-- Opening Marker --
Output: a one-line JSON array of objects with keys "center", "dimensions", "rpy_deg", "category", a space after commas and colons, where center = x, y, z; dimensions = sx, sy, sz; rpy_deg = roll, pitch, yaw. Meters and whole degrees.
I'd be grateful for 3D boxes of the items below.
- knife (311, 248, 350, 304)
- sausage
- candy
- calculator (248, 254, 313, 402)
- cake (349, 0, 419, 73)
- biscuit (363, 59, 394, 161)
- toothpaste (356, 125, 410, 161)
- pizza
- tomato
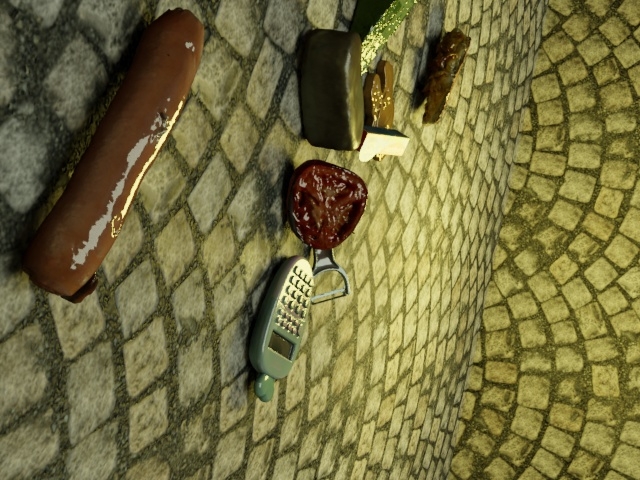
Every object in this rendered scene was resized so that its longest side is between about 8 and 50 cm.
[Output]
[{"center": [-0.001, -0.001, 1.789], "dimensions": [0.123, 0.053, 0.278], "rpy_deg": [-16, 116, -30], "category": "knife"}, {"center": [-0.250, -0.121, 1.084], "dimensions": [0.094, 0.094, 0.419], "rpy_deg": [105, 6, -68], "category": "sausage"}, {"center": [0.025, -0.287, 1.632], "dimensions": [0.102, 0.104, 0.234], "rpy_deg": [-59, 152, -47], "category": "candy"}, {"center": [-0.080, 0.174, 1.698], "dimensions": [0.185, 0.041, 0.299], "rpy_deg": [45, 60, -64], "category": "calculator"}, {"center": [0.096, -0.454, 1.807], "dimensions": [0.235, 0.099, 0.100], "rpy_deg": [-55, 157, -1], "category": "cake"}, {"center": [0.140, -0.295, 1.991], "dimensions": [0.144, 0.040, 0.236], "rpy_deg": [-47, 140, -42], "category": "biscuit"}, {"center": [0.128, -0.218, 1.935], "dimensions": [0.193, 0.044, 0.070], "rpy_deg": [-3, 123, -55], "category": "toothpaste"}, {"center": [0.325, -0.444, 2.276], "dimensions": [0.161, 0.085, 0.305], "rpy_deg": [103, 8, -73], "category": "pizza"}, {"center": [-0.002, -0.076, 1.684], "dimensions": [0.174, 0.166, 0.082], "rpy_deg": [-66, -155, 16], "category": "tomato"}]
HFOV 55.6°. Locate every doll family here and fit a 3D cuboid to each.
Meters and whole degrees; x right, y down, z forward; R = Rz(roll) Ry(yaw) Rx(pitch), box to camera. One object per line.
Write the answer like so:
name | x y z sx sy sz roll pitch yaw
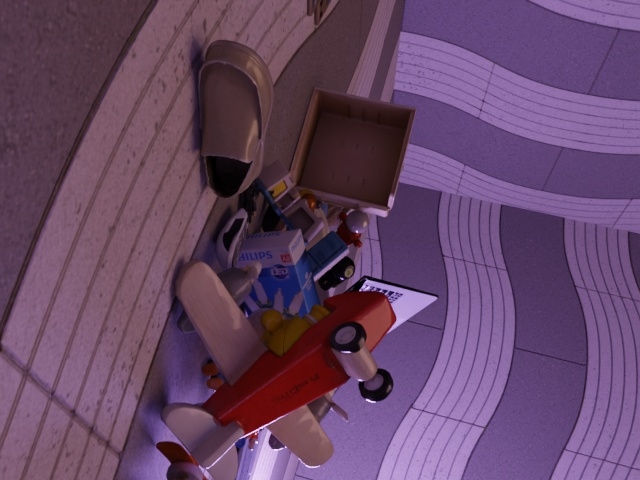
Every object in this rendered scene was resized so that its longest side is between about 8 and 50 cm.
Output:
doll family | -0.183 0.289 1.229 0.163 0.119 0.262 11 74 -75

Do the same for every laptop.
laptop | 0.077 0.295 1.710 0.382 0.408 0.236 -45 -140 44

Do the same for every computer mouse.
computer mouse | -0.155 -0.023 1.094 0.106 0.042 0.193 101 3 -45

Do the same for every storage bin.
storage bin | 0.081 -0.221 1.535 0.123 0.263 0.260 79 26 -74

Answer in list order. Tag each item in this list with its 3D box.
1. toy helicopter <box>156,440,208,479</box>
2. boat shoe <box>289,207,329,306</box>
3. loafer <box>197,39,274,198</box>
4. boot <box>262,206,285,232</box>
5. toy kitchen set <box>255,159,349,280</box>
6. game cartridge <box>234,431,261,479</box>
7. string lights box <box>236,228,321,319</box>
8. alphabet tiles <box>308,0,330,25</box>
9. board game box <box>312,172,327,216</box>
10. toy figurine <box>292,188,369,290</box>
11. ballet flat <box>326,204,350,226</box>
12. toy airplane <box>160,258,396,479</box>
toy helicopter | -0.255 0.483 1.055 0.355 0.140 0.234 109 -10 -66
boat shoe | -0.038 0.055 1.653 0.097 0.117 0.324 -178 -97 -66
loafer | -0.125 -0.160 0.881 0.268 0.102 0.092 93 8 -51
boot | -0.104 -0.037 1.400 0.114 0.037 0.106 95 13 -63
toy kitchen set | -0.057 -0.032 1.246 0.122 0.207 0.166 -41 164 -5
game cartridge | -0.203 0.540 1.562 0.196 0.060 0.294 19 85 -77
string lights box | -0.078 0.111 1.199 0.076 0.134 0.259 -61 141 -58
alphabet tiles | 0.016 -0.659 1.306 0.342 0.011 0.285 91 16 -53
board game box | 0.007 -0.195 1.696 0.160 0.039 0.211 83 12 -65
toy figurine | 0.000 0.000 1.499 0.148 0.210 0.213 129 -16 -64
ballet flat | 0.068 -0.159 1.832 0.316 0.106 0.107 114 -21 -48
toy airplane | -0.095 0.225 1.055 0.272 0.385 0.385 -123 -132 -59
-- Closing Marker --
_Problem statement_: Your reply is to be the number of lines above in which the word "Meters" appears, and nothing else.

_Task result_: 2